Correctional Facility Settles Inmate’s HIV Bias Suit

March 6, 2024 Law 360

By Patrick Hoff 

Law360 (March 6, 2024, 2:22 PM EST) — A Pennsylvania county and a private correctional facility management company agreed to end a former inmate’s suit claiming he was unlawfully barred from working in the kitchen after his HIV status was improperly disclosed, his attorneys announced Wednesday.

Delaware County, the GEO Group and the formerly incarcerated man, who proceeded anonymously as John Doe, said in a federal court filing that Doe’s Americans with Disabilities Act and Rehabilitation Act claims should be dismissed with prejudice.

Adrian Lowe, representing Doe, told Law360 the settlement agreement provides an undisclosed amount of financial compensation to Doe and requires the George W. Hill Correctional Facility to change its policies to comply with discrimination and privacy laws. The facility was operated by GEO when Doe was incarcerated there from February 2020 to July 2020 but deprivatized and returned to Delaware County’s control in April 2022.

Doe filed suit against the GEO Group and the county in April 2022. According to his complaint, he was diagnosed with HIV in mid-January 2020 and disclosed this information only to his doctor and his two closest friends, as well as the medical staff at the correctional facility when he was arrested held on drug possession charges in February 2020.

Doe said he was housed in the general population block, where he was harassed because he’s gay and became fearful of violence. When he reported the harassment to a correctional officer, Doe was encouraged to apply for a prison job, which would allow him to move into a workers’ housing block, according to the complaint.

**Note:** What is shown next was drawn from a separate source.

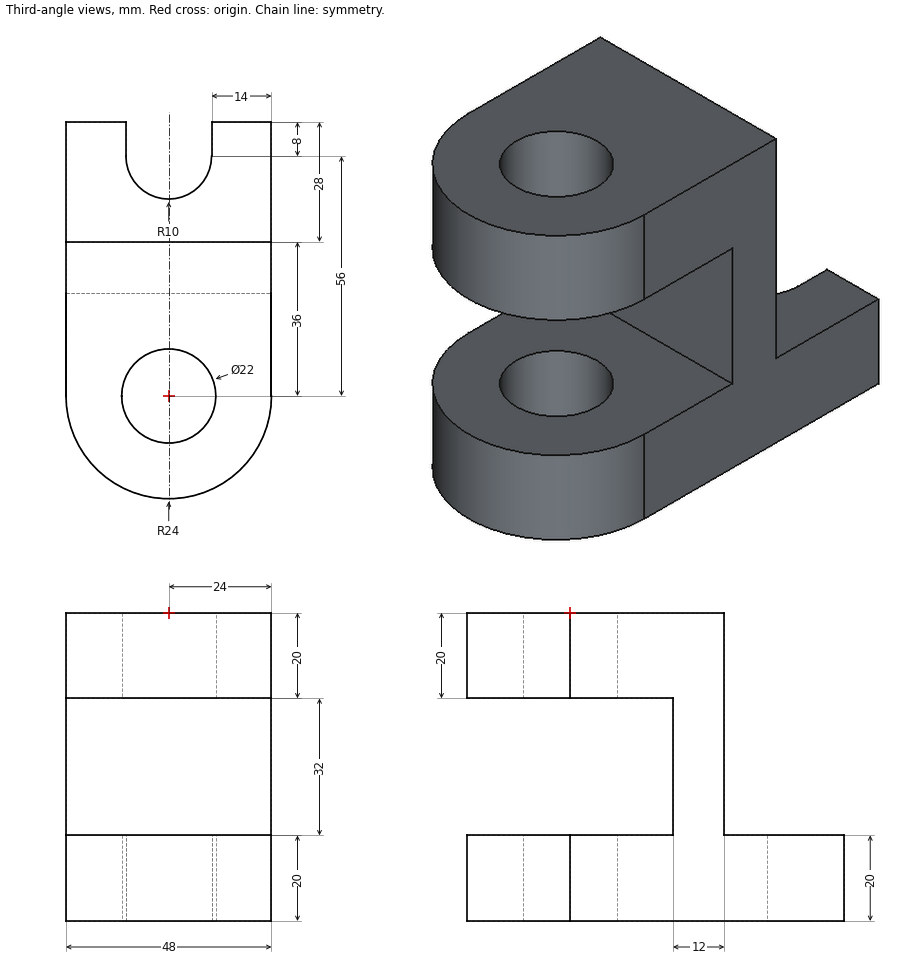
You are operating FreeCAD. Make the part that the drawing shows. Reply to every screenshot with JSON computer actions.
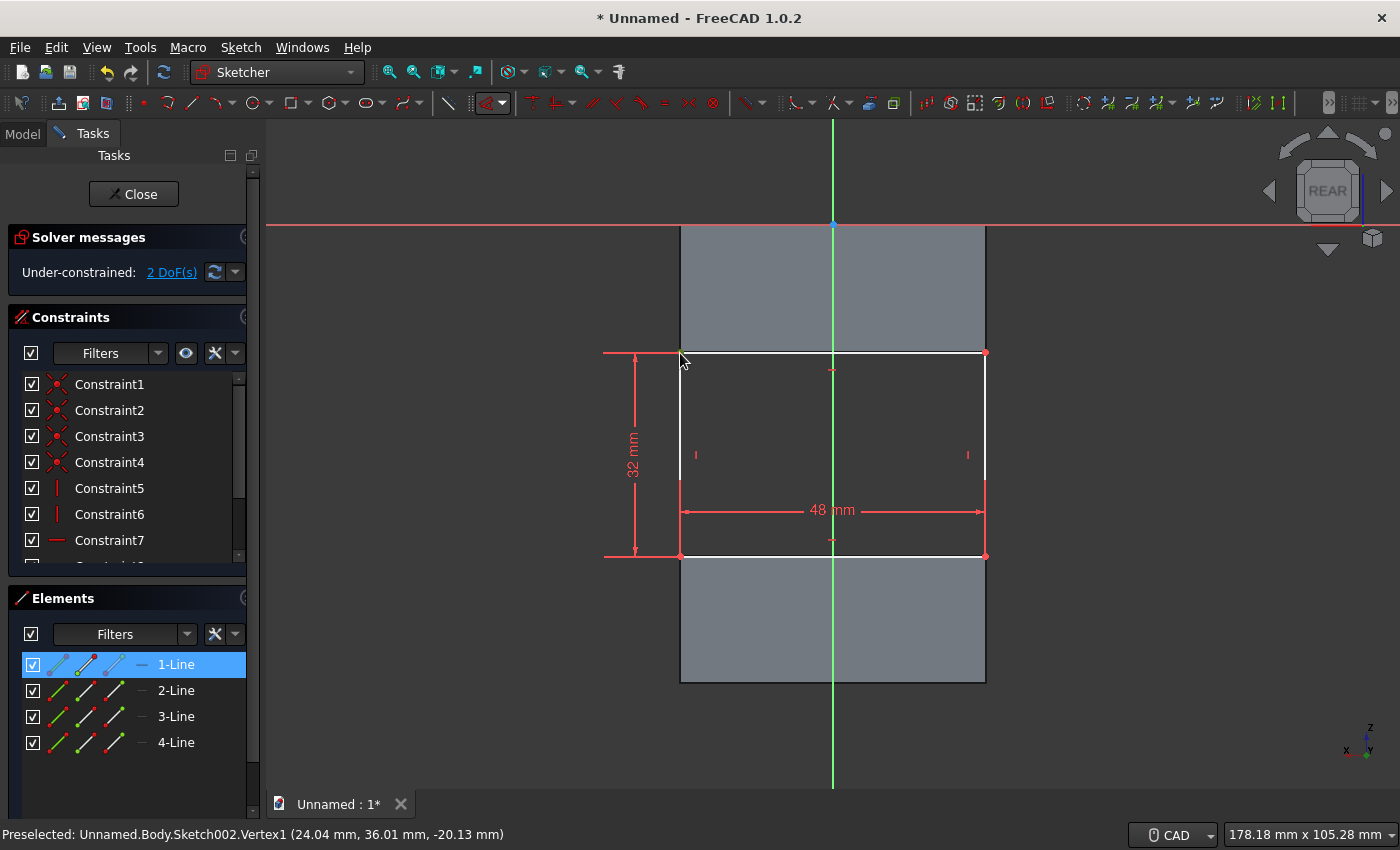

In March 2020, Doe applied for a job in the kitchen, but when he went to attend a mandatory food safety class, he was blocked from entering and subsequently told that he hadn’t been medically cleared, the complaint said. After asking for more information, Doe said a nurse told him that his HIV diagnosis meant he wasn’t allowed to work certain jobs, even though a doctor at the facility told him he should be able to work in the kitchen.

Additionally, it soon became general knowledge at the facility that Doe was HIV-positive, which led to more harassment, according to the complaint. Doe said he filed several grievances about the disclosure of his confidential medical information and the denial of a prison job, but he was simply told he couldn’t work in kitchen, medical or barber positions without officers ever performing an individualized assessment of him.

Doe eventually began working as a sanitation worker at the facility in mid-June 2020, a job he held until he was released the following month, according to the complaint.

Lowe, an attorney at AIDS Law Project of Pennsylvania, said in a news release that unlawful HIV discrimination and HIV status disclosure “happens all too often in the corrections context and goes largely unaddressed.”

“Discrimination against people living with HIV is illegal,” Lowe said. “What is illegal on the outside doesn’t become legal behind bars.”

Representatives of Delaware County and the GEO Group did not immediately respond to requests for comment Wednesday.

John Doe is represented by Mary Catherine Roper and John J. Grogan of Langer Grogan & Diver, by Richard Saenz of the Lambda Legal Defense & Education Fund and by Ronda B. Goldfein and Adrian M. Lowe of AIDS Law Project Of Pennsylvania.

Delaware County and the GEO Group are represented by Matthew H. Fry of Burns White LLC.

The case is Doe v. Delaware County et al., case number 5:22-cv-01405, in the U.S. District Court for the Eastern District of Pennsylvania.